Our disaster response policy was designed initially to respond to discrete disasters but now is operating in an ‘always on’ context – we are likely to be funding response and recovery alongside preparedness. For example, we recently funded a recovery grant to Echuca Neighbourhood House to assist with the floods while also working on the Community Collaborative for Resilience (CCfR) with Emergency Management Victoria, (EMV), VCOSS and Foundation for Rural and Regional Renewal (FRRR), and supporting Victoria University on front line health workers to build preparedness.

The ability to withstand disasters and future pandemics (and even an exacerbation of the current COVID-19 or another pandemic) depends on resilience in local communities and within charitable organisations.

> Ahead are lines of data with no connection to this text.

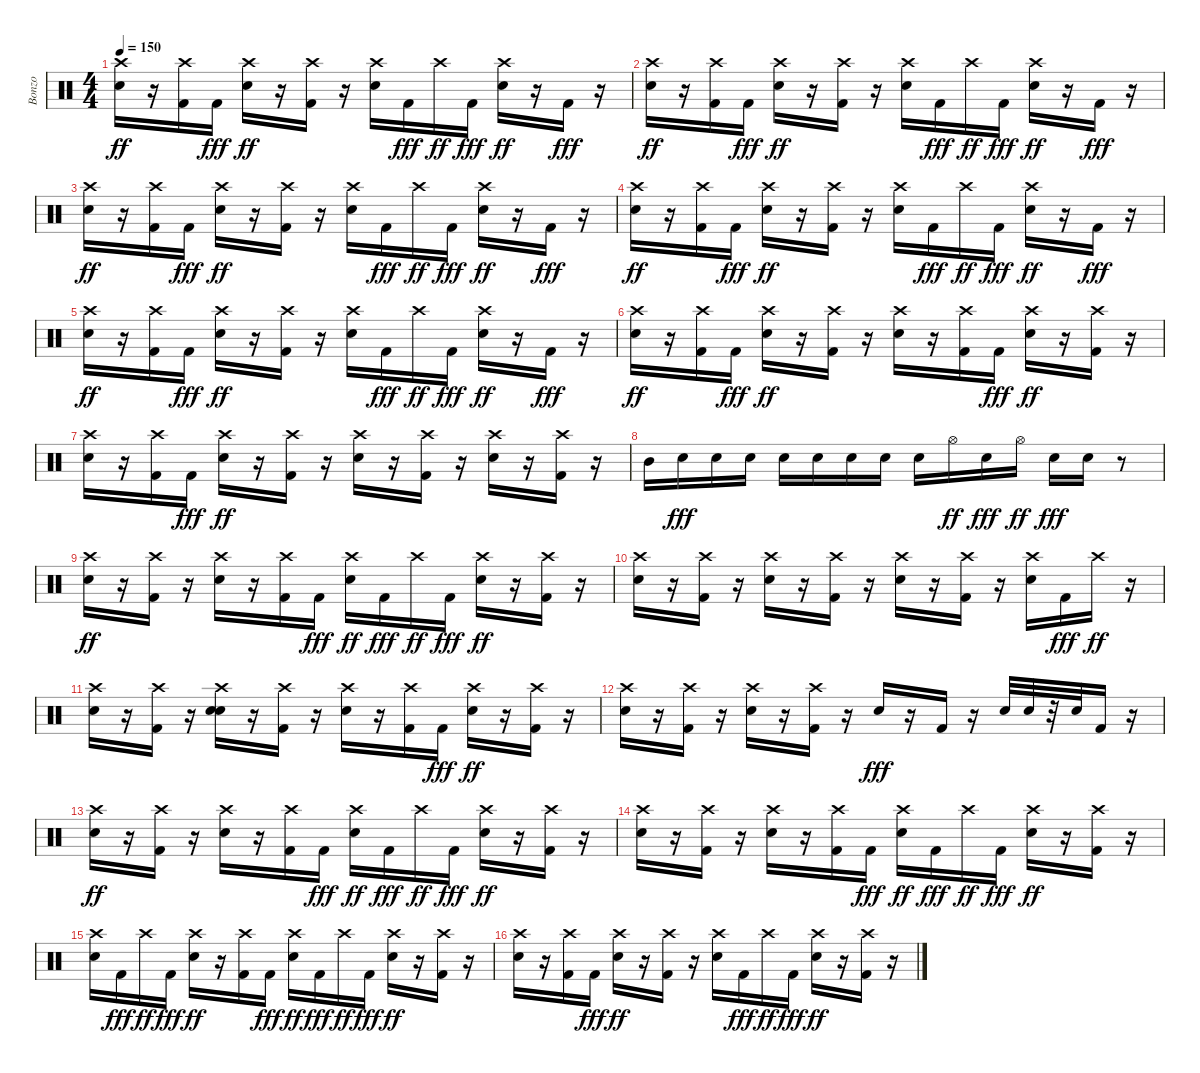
\track ("Bonzo" "Bonzo") {instrument percussion}
\staff {score}
\articulation defaults
\ts (4 4)
\tempo 150
\clef neutral
\ks c
("Snare (hit) 2" "Crash high (hit)").16{dy ff} r.16 ("Kick (hit) 2" "Crash high (hit)").16 "Kick (hit) 2".16{dy fff} ("Snare (hit) 2" "Crash high (hit)").16{dy ff} r.16 ("Kick (hit) 2" "Crash high (hit)").16 r.16 ("Snare (hit) 2" "Crash high (hit)").16 "Kick (hit) 2".16{dy fff} "Crash high (hit)".16{dy ff} "Kick (hit) 2".16{dy fff} ("Snare (hit) 2" "Crash high (hit)").16{dy ff} r.16 "Kick (hit) 2".16{dy fff} r.16 |
("Snare (hit) 2" "Crash high (hit)").16{dy ff} r.16 ("Kick (hit) 2" "Crash high (hit)").16 "Kick (hit) 2".16{dy fff} ("Snare (hit) 2" "Crash high (hit)").16{dy ff} r.16 ("Kick (hit) 2" "Crash high (hit)").16 r.16 ("Snare (hit) 2" "Crash high (hit)").16 "Kick (hit) 2".16{dy fff} "Crash high (hit)".16{dy ff} "Kick (hit) 2".16{dy fff} ("Snare (hit) 2" "Crash high (hit)").16{dy ff} r.16 "Kick (hit) 2".16{dy fff} r.16 |
("Snare (hit) 2" "Crash high (hit)").16{dy ff} r.16 ("Kick (hit) 2" "Crash high (hit)").16 "Kick (hit) 2".16{dy fff} ("Snare (hit) 2" "Crash high (hit)").16{dy ff} r.16 ("Kick (hit) 2" "Crash high (hit)").16 r.16 ("Snare (hit) 2" "Crash high (hit)").16 "Kick (hit) 2".16{dy fff} "Crash high (hit)".16{dy ff} "Kick (hit) 2".16{dy fff} ("Snare (hit) 2" "Crash high (hit)").16{dy ff} r.16 "Kick (hit) 2".16{dy fff} r.16 |
("Snare (hit) 2" "Crash high (hit)").16{dy ff} r.16 ("Kick (hit) 2" "Crash high (hit)").16 "Kick (hit) 2".16{dy fff} ("Snare (hit) 2" "Crash high (hit)").16{dy ff} r.16 ("Kick (hit) 2" "Crash high (hit)").16 r.16 ("Snare (hit) 2" "Crash high (hit)").16 "Kick (hit) 2".16{dy fff} "Crash high (hit)".16{dy ff} "Kick (hit) 2".16{dy fff} ("Snare (hit) 2" "Crash high (hit)").16{dy ff} r.16 "Kick (hit) 2".16{dy fff} r.16 |
("Snare (hit) 2" "Crash high (hit)").16{dy ff} r.16 ("Kick (hit) 2" "Crash high (hit)").16 "Kick (hit) 2".16{dy fff} ("Snare (hit) 2" "Crash high (hit)").16{dy ff} r.16 ("Kick (hit) 2" "Crash high (hit)").16 r.16 ("Snare (hit) 2" "Crash high (hit)").16 "Kick (hit) 2".16{dy fff} "Crash high (hit)".16{dy ff} "Kick (hit) 2".16{dy fff} ("Snare (hit) 2" "Crash high (hit)").16{dy ff} r.16 "Kick (hit) 2".16{dy fff} r.16 |
("Snare (hit) 2" "Crash high (hit)").16{dy ff} r.16 ("Kick (hit) 2" "Crash high (hit)").16 "Kick (hit) 2".16{dy fff} ("Snare (hit) 2" "Crash high (hit)").16{dy ff} r.16 ("Kick (hit) 2" "Crash high (hit)").16 r.16 ("Snare (hit) 2" "Crash high (hit)").16 r.16 ("Kick (hit) 2" "Crash high (hit)").16 "Kick (hit) 2".16{dy fff} ("Snare (hit) 2" "Crash high (hit)").16{dy ff} r.16 ("Kick (hit) 2" "Crash high (hit)").16 r.16 |
("Snare (hit) 2" "Crash high (hit)").16 r.16 ("Kick (hit) 2" "Crash high (hit)").16 "Kick (hit) 2".16{dy fff} ("Snare (hit) 2" "Crash high (hit)").16{dy ff} r.16 ("Kick (hit) 2" "Crash high (hit)").16 r.16 ("Snare (hit) 2" "Crash high (hit)").16 r.16 ("Kick (hit) 2" "Crash high (hit)").16 r.16 ("Snare (hit) 2" "Crash high (hit)").16 r.16 ("Kick (hit) 2" "Crash high (hit)").16 r.16 |
"Mid Tom (hit)".16 "Snare (hit) 2".16{dy fff} "Snare (hit) 2".16 "Snare (hit) 2".16 "Snare (hit) 2".16 "Snare (hit) 2".16 "Snare (hit) 2".16 "Snare (hit) 2".16 "Snare (hit) 2".16 "Hi-Hat (open)".16{dy ff} "Snare (hit) 2".16{dy fff} "Hi-Hat (open)".16{dy ff} "Snare (hit) 2".16{dy fff} "Snare (hit) 2".16 r.8 |
("Snare (hit) 2" "Crash high (hit)").16{dy ff} r.16 ("Kick (hit) 2" "Crash high (hit)").16 r.16 ("Snare (hit) 2" "Crash high (hit)").16 r.16 ("Kick (hit) 2" "Crash high (hit)").16 "Kick (hit) 2".16{dy fff} ("Snare (hit) 2" "Crash high (hit)").16{dy ff} "Kick (hit) 2".16{dy fff} "Crash high (hit)".16{dy ff} "Kick (hit) 2".16{dy fff} ("Snare (hit) 2" "Crash high (hit)").16{dy ff} r.16 ("Kick (hit) 2" "Crash high (hit)").16 r.16 |
("Snare (hit) 2" "Crash high (hit)").16 r.16 ("Kick (hit) 2" "Crash high (hit)").16 r.16 ("Snare (hit) 2" "Crash high (hit)").16 r.16 ("Kick (hit) 2" "Crash high (hit)").16 r.16 ("Snare (hit) 2" "Crash high (hit)").16 r.16 ("Kick (hit) 2" "Crash high (hit)").16 r.16 ("Snare (hit) 2" "Crash high (hit)").16 "Kick (hit) 2".16{dy fff} "Crash high (hit)".16{dy ff} r.16 |
("Snare (hit) 2" "Crash high (hit)").16 r.16 ("Kick (hit) 2" "Crash high (hit)").16 r.16 ("Snare (hit)" "Snare (hit) 2" "Crash high (hit)").16 r.16 ("Kick (hit) 2" "Crash high (hit)").16 r.16 ("Snare (hit) 2" "Crash high (hit)").16 r.16 ("Kick (hit) 2" "Crash high (hit)").16 "Kick (hit) 2".16{dy fff} ("Snare (hit) 2" "Crash high (hit)").16{dy ff} r.16 ("Kick (hit) 2" "Crash high (hit)").16 r.16 |
("Snare (hit) 2" "Crash high (hit)").16 r.16 ("Kick (hit) 2" "Crash high (hit)").16 r.16 ("Snare (hit) 2" "Crash high (hit)").16 r.16 ("Kick (hit) 2" "Crash high (hit)").16 r.16 "Snare (hit) 2".16{dy fff} r.16 "Kick (hit) 2".16 r.16 "Snare (hit) 2".32 "Snare (hit) 2".32 r.32 "Snare (hit) 2".32 "Kick (hit) 2".16 r.16 |
("Snare (hit) 2" "Crash high (hit)").16{dy ff} r.16 ("Kick (hit) 2" "Crash high (hit)").16 r.16 ("Snare (hit) 2" "Crash high (hit)").16 r.16 ("Kick (hit) 2" "Crash high (hit)").16 "Kick (hit) 2".16{dy fff} ("Snare (hit) 2" "Crash high (hit)").16{dy ff} "Kick (hit) 2".16{dy fff} "Crash high (hit)".16{dy ff} "Kick (hit) 2".16{dy fff} ("Snare (hit) 2" "Crash high (hit)").16{dy ff} r.16 ("Kick (hit) 2" "Crash high (hit)").16 r.16 |
("Snare (hit) 2" "Crash high (hit)").16 r.16 ("Kick (hit) 2" "Crash high (hit)").16 r.16 ("Snare (hit) 2" "Crash high (hit)").16 r.16 ("Kick (hit) 2" "Crash high (hit)").16 "Kick (hit) 2".16{dy fff} ("Snare (hit) 2" "Crash high (hit)").16{dy ff} "Kick (hit) 2".16{dy fff} "Crash high (hit)".16{dy ff} "Kick (hit) 2".16{dy fff} ("Snare (hit) 2" "Crash high (hit)").16{dy ff} r.16 ("Kick (hit) 2" "Crash high (hit)").16 r.16 |
("Snare (hit) 2" "Crash high (hit)").16 "Kick (hit) 2".16{dy fff} "Crash high (hit)".16{dy ff} "Kick (hit) 2".16{dy fff} ("Snare (hit) 2" "Crash high (hit)").16{dy ff} r.16 ("Kick (hit) 2" "Crash high (hit)").16 "Kick (hit) 2".16{dy fff} ("Snare (hit) 2" "Crash high (hit)").16{dy ff} "Kick (hit) 2".16{dy fff} "Crash high (hit)".16{dy ff} "Kick (hit) 2".16{dy fff} ("Snare (hit) 2" "Crash high (hit)").16{dy ff} r.16 ("Kick (hit) 2" "Crash high (hit)").16 r.16 |
("Snare (hit) 2" "Crash high (hit)").16 r.16 ("Kick (hit) 2" "Crash high (hit)").16 "Kick (hit) 2".16{dy fff} ("Snare (hit) 2" "Crash high (hit)").16{dy ff} r.16 ("Kick (hit) 2" "Crash high (hit)").16 r.16 ("Snare (hit) 2" "Crash high (hit)").16 "Kick (hit) 2".16{dy fff} "Crash high (hit)".16{dy ff} "Kick (hit) 2".16{dy fff} ("Snare (hit) 2" "Crash high (hit)").16{dy ff} r.16 ("Kick (hit) 2" "Crash high (hit)").16 r.16

Communities that already face disadvantage are less able to respond to major shocks. This is why we focused our Hot Spots work (preparing for heatwaves) in communities that were socio-economically disadvantaged but also literally the hottest suburbs on the Monash Heat Vulnerability Index. We will be launching the Climate Resilient Neighbourhoods initiative very soon.

The need to ramp up our climate lens across our work in food, housing and jobs is important in itself but also because it helps overall resilience. Supporting people into jobs and stable housing also helps them build economic and social capacity, and be more ready to withstand shocks and disasters.

The Australian charitable sector will require support to innovate and fund services. Leadership development around strategy, ensuring organisational adaptability and resilience (disasters, pandemic), diversifying revenue (social enterprise opportunities, innovative fundraising, government funding by outcomes), and enhancing digital and AI capability will be critical. Wellbeing of the workforce is a key issue that we are helping to address through our recent grant to Xfactor Collective to support the Wellbeing and Resilience Community Sector Hub.

In addition to the areas covered, the not-for-profit sector continues to face challenges in recruitment and retention of the workforce (due to competitive salary levels in other sectors, post COVID burnout and the tight labour market) and inflationary pressures on costs. There are also important policy reform opportunities emerging in 2023 such as the National Housing and Homelessness Plan, the Impact Investment Taskforce recommendations, climate transition planning, and the Productivity Commission Inquiry into Philanthropy, where there will be opportunities for the Foundation and grant partners to make submissions. Social Ventures Australia indicated recently that ‘advocacy exhaustion’ post-COVID and disasters (bushfires and floods) may mean support for policy influencing is likely to be required.

A strong not-for-profit sector is a critical part of building a more resilient community. We will be focusing on building climate and sector resilience as 2023 progresses.